##### EXERCISE DATA
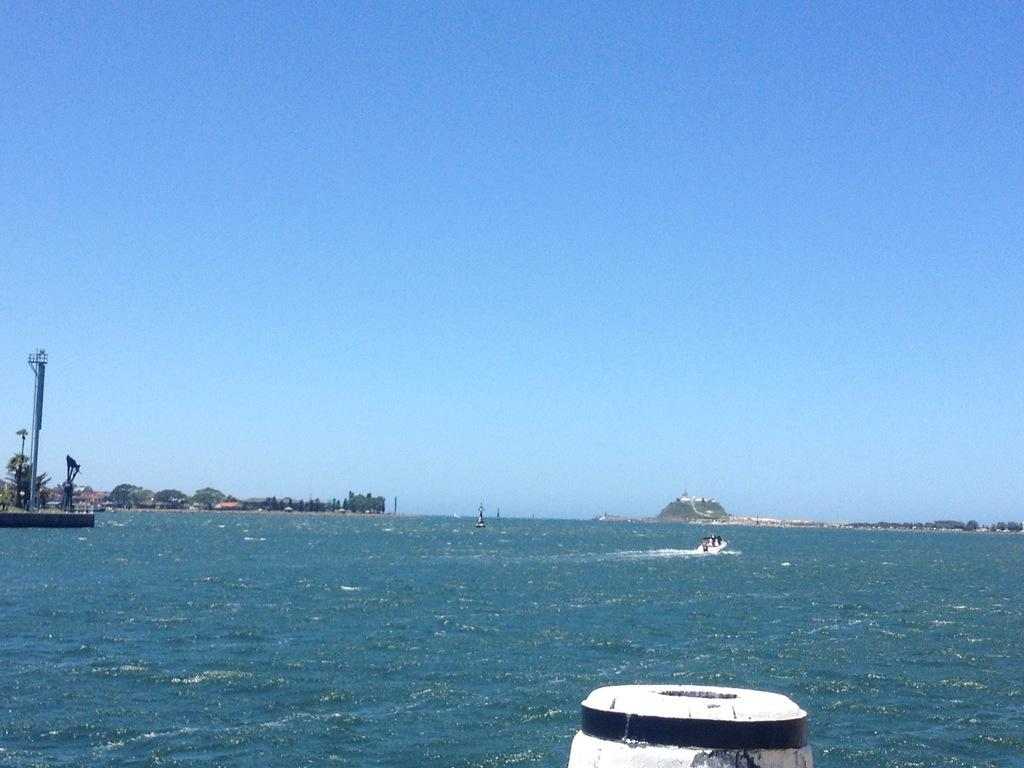What is the main subject of the image? The main subject of the image is a boat. What is the boat doing in the image? The boat is floating on the water in the image. What can be seen on the left side of the image? There are trees and a pole on the left side of the image. What type of water is visible in the image? The image contains an ocean. What is visible in the background of the image? The sky is visible in the background of the image. What type of van can be seen parked near the trees in the image? There is no van present in the image; it features a boat floating on the water and trees on the left side. What things are being cooked in the oven in the image? There is no oven present in the image; it contains a boat, trees, a pole, and an ocean. 
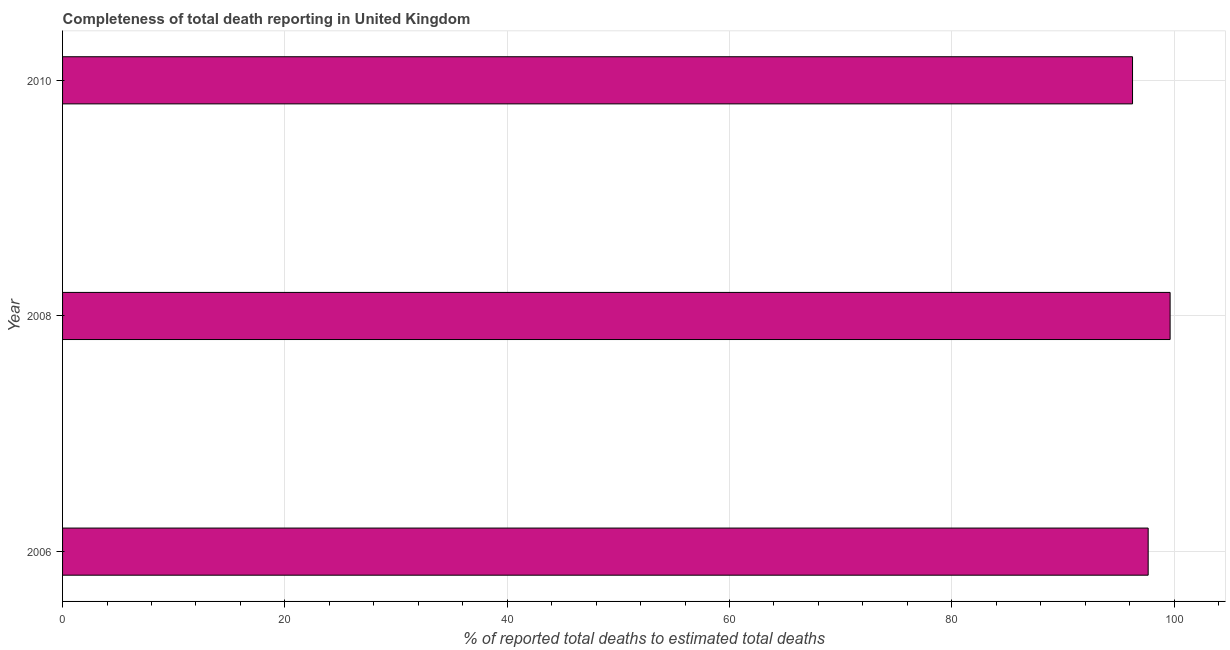What is the title of the graph?
Your answer should be compact. Completeness of total death reporting in United Kingdom. What is the label or title of the X-axis?
Keep it short and to the point. % of reported total deaths to estimated total deaths. What is the completeness of total death reports in 2006?
Give a very brief answer. 97.67. Across all years, what is the maximum completeness of total death reports?
Offer a terse response. 99.65. Across all years, what is the minimum completeness of total death reports?
Your answer should be compact. 96.26. In which year was the completeness of total death reports maximum?
Offer a very short reply. 2008. What is the sum of the completeness of total death reports?
Your response must be concise. 293.58. What is the difference between the completeness of total death reports in 2008 and 2010?
Give a very brief answer. 3.38. What is the average completeness of total death reports per year?
Provide a short and direct response. 97.86. What is the median completeness of total death reports?
Give a very brief answer. 97.67. What is the ratio of the completeness of total death reports in 2006 to that in 2008?
Offer a terse response. 0.98. Is the difference between the completeness of total death reports in 2008 and 2010 greater than the difference between any two years?
Your answer should be compact. Yes. What is the difference between the highest and the second highest completeness of total death reports?
Make the answer very short. 1.97. Is the sum of the completeness of total death reports in 2006 and 2010 greater than the maximum completeness of total death reports across all years?
Keep it short and to the point. Yes. What is the difference between the highest and the lowest completeness of total death reports?
Keep it short and to the point. 3.38. In how many years, is the completeness of total death reports greater than the average completeness of total death reports taken over all years?
Provide a succinct answer. 1. How many bars are there?
Make the answer very short. 3. How many years are there in the graph?
Ensure brevity in your answer.  3. What is the difference between two consecutive major ticks on the X-axis?
Provide a short and direct response. 20. What is the % of reported total deaths to estimated total deaths in 2006?
Keep it short and to the point. 97.67. What is the % of reported total deaths to estimated total deaths in 2008?
Ensure brevity in your answer.  99.65. What is the % of reported total deaths to estimated total deaths in 2010?
Keep it short and to the point. 96.26. What is the difference between the % of reported total deaths to estimated total deaths in 2006 and 2008?
Your answer should be very brief. -1.97. What is the difference between the % of reported total deaths to estimated total deaths in 2006 and 2010?
Your response must be concise. 1.41. What is the difference between the % of reported total deaths to estimated total deaths in 2008 and 2010?
Your answer should be very brief. 3.38. What is the ratio of the % of reported total deaths to estimated total deaths in 2008 to that in 2010?
Provide a short and direct response. 1.03.
##########
◆ **EXERCISE DESCRIPTION**
Everything from the line containing "Your answer should be compact. 96.26." through the line containing "Provide a short and direct response. 97.86." in the material above should be retyped exactly, both ends included, and nothing more.

◆ **EXPECTED ANSWER**
Your answer should be compact. 96.26. In which year was the completeness of total death reports maximum?
Offer a very short reply. 2008. What is the sum of the completeness of total death reports?
Your response must be concise. 293.58. What is the difference between the completeness of total death reports in 2008 and 2010?
Give a very brief answer. 3.38. What is the average completeness of total death reports per year?
Provide a short and direct response. 97.86. What is the median completeness of total death reports?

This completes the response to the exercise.